Collection entries
*** Begin section ***

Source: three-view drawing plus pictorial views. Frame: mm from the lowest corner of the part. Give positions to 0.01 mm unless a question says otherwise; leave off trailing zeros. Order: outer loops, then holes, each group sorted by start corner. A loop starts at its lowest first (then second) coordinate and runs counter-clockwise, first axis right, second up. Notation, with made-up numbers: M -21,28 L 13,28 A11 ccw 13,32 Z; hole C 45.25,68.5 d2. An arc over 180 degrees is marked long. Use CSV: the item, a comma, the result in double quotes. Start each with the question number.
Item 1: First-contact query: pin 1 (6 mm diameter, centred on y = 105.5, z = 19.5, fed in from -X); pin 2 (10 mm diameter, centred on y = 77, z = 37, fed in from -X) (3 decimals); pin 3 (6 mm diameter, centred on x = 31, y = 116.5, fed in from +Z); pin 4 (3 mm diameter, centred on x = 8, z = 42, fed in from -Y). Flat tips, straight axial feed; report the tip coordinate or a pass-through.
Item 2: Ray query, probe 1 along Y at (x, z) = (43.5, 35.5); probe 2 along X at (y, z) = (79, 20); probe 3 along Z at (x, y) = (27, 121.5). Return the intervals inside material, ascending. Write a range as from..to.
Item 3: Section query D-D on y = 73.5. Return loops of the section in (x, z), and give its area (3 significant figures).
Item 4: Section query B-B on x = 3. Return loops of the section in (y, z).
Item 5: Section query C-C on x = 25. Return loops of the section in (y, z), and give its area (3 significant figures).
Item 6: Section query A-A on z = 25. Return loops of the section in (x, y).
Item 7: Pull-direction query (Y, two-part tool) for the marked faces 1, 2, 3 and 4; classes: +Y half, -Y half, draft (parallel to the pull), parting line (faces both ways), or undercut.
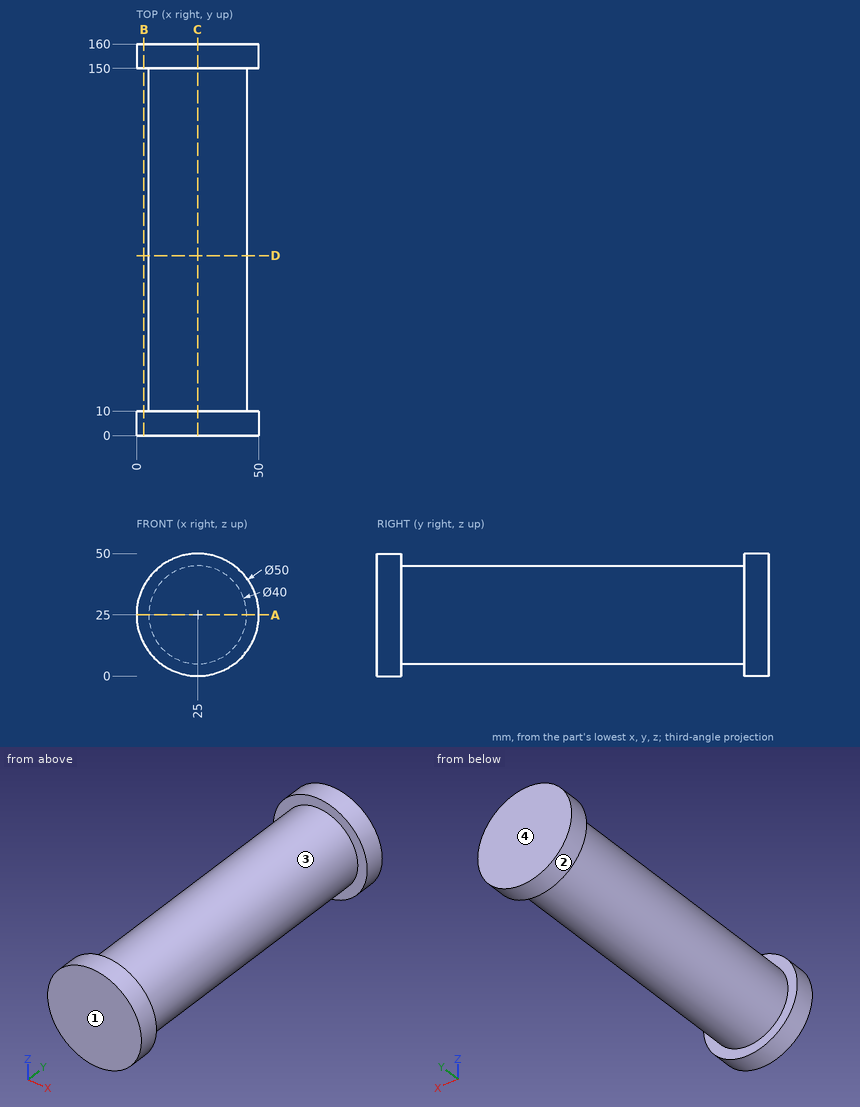
Verdict:
1,pin 1,"x = 5.16"
1,pin 2,"x = 6.265"
1,pin 3,"z = 44.77"
1,pin 4,"y = 0"
2,probe 1,"0..10, 150..160"
2,probe 2,"5.64..44.36"
2,probe 3,"5.1..44.9"
3,outline,"C 25,25 d40"
3,area,"1,260 mm2"
4,outline,"M 0,13.13 L 10,13.13 L 10,36.87 L 0,36.87 Z; M 150,13.13 L 160,13.13 L 160,36.87 L 150,36.87 Z"
5,outline,"M 0,0 L 10,0 L 10,5 L 150,5 L 150,0 L 160,0 L 160,50 L 150,50 L 150,45 L 10,45 L 10,50 L 0,50 Z"
5,area,"6,600 mm2"
6,outline,"M 0,0 L 50,0 L 50,10 L 45,10 L 45,150 L 50,150 L 50,160 L 0,160 L 0,150 L 5,150 L 5,10 L 0,10 Z"
7,face 1,"-Y half"
7,face 2,"draft"
7,face 3,"undercut"
7,face 4,"+Y half"

*** End section ***

Out of the entries, pull every line that mentions "from".

Source: three-view drawing plus pictorial views. Frame: mm from the lowest corner of the part. Give positions to 0.01 mm unless a question says otherwise; leave off trailing zeros. Order: outer loops, then holes, each group sorted by start corner. A loop starts at its lowest first (then second) coordinate and runs counter-clockwise, first axis right, second up. Notation, with made-up numbers: M -21,28 L 13,28 A11 ccw 13,32 Z; hole C 45.25,68.5 d2. An arc over 180 degrees is marked long. Use CSV: the item, a comma, the result in double quotes. Start each with the question number.
Item 1: First-contact query: pin 1 (6 mm diameter, centred on y = 105.5, z = 19.5, fed in from -X); pin 2 (10 mm diameter, centred on y = 77, z = 37, fed in from -X) (3 decimals); pin 3 (6 mm diameter, centred on x = 31, y = 116.5, fed in from +Z); pin 4 (3 mm diameter, centred on x = 8, z = 42, fed in from -Y). Flat tips, straight axial feed; report the tip coordinate or a pass-through.
Item 2: Ray query, probe 1 along Y at (x, z) = (43.5, 35.5); probe 2 along X at (y, z) = (79, 20); probe 3 along Z at (x, y) = (27, 121.5). Return the intervals inside material, ascending. Write a range as from..to.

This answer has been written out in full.